Aside from native proton, being able to do everything (easily) from the controller. It’s amazing how often you still need a mouse, or just the windows key, in windows :(
What I really appreciate is that it’s geared toward handhelds, but has a decent desktop experience and is powerful enough to be a nice mobile media/piracy box with a remote and a USB-C breakout dongle. You don’t even need to change the read-only filesystem if you use WireGuard VPN (this might take some legwork to generate the .conf files you need, depends on VPN provider) and a streaming/torrenting program that comes in flatpak.
EDIT: Also forgot, you can add a custom shortcut to your Steam Library and have (some) programs launch from the SteamOS frontend rather than desktop.
Mostly just Valve specific software implements to make the experience better. SteamOS has a really good suspend/resume sleep feature where you can just power off the Deck during a game like any other console, then when you hit the power button again it just lights back up to where you were in the game.
The Steam deck is very quick though. I just paused Like a Dragon Gaiden and it took about 2 seconds to go to sleep, left it sitting on the table for an hour or so while I did some errands. Picked it back up and hit thepower button and I was back on the pause menu in about another 2 seconds.
Steam Deck "sleep" is more like locking your phone than it is like putting a Windows PC to sleep
Good thing the linux community already has pretty much all of their concerns covered? Linux already works on regular computers. I have bazzite, which is a drop in replacement for steam os, on my deck and my laptop, and in regular use you would never know the difference. It even has read only root like steam os, but you can install system packages that survive updates.
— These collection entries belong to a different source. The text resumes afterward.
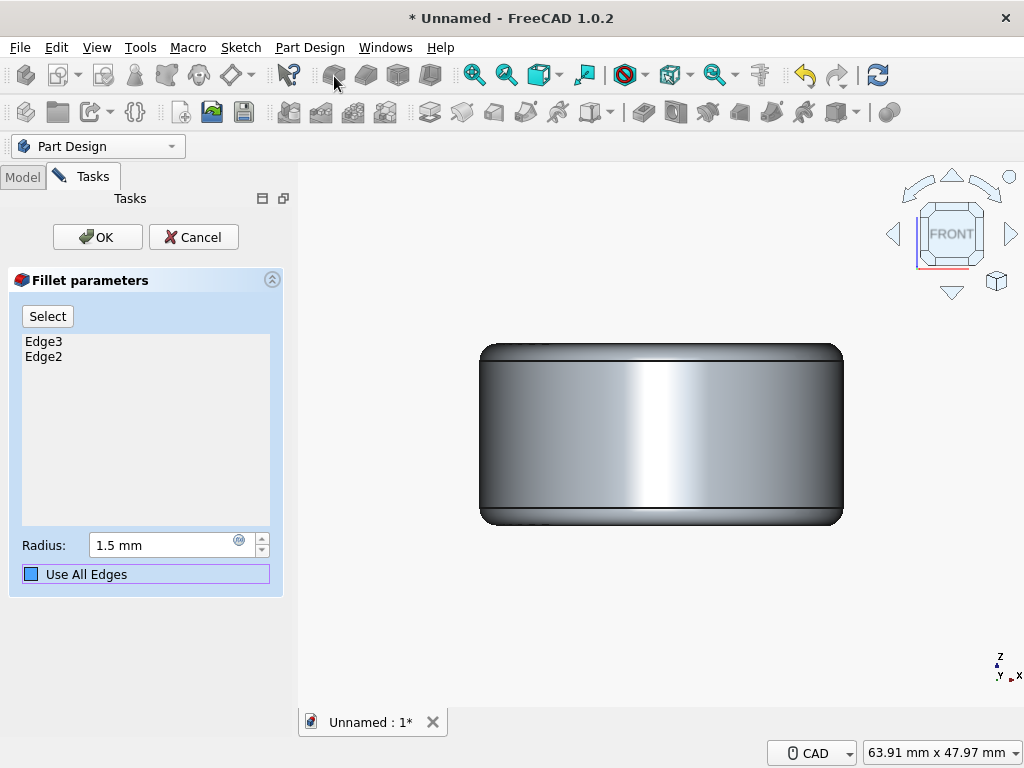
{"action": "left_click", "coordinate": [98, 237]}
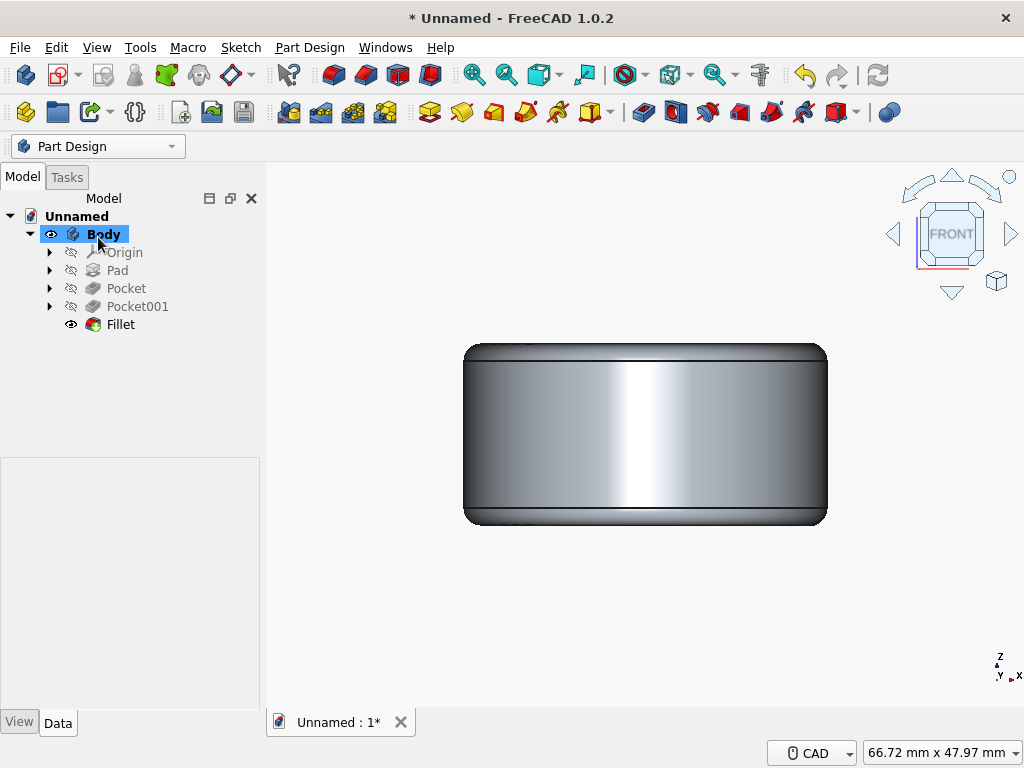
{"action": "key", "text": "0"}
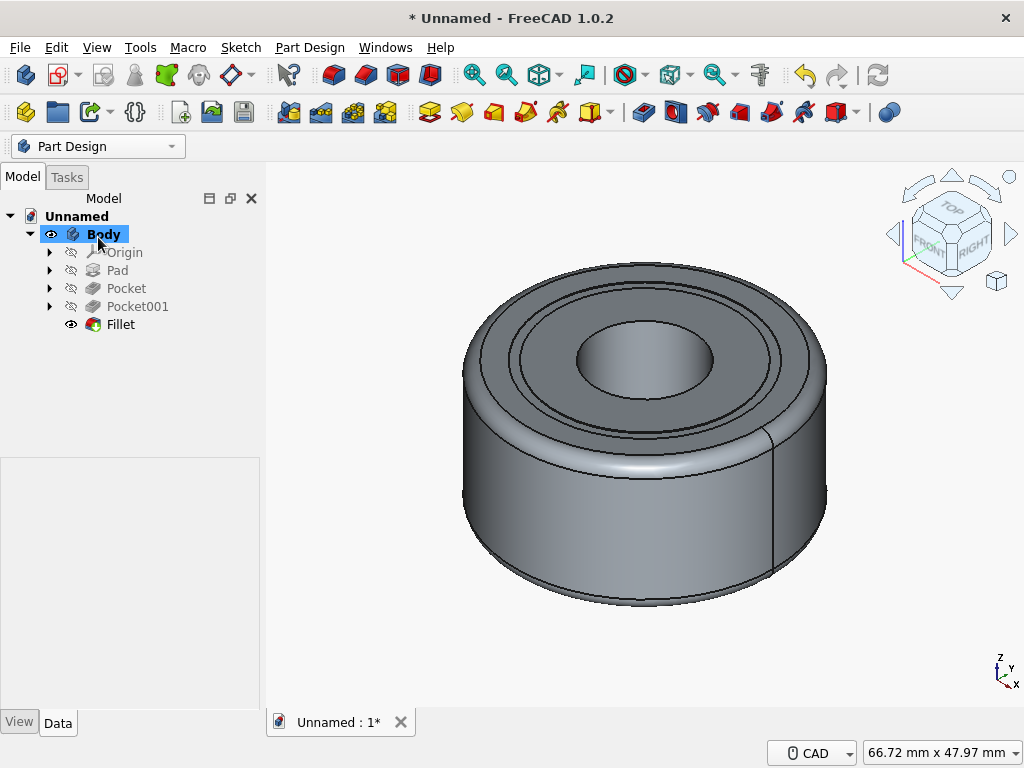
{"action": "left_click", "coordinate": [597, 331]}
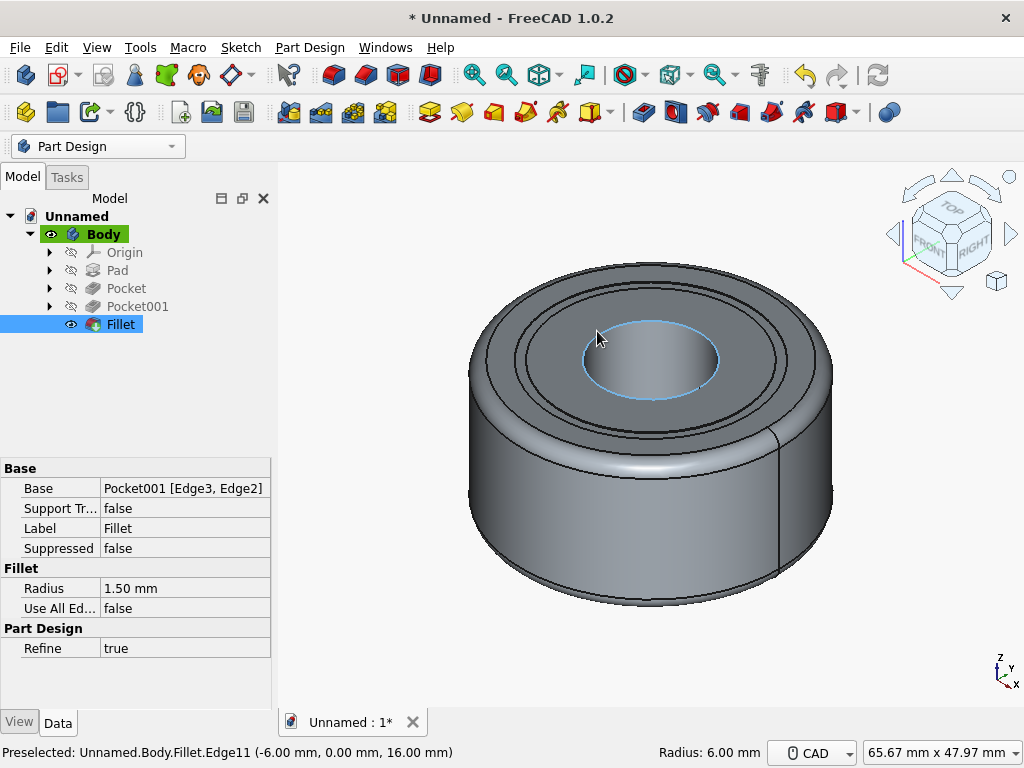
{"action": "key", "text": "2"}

There is, IIRC, at least once other distro that I believe can do deck as well as regular PC installs, but I haven’t tried it and don’t know the pros and cons.
SteamOS has, in my experience, avoided a lot of problems that any desktop OS has with being a gaming-only device, Windows or Linux. Stuff like applying updates or needing to alt+tab to address notifications that are major pains in the ass to do with a controller.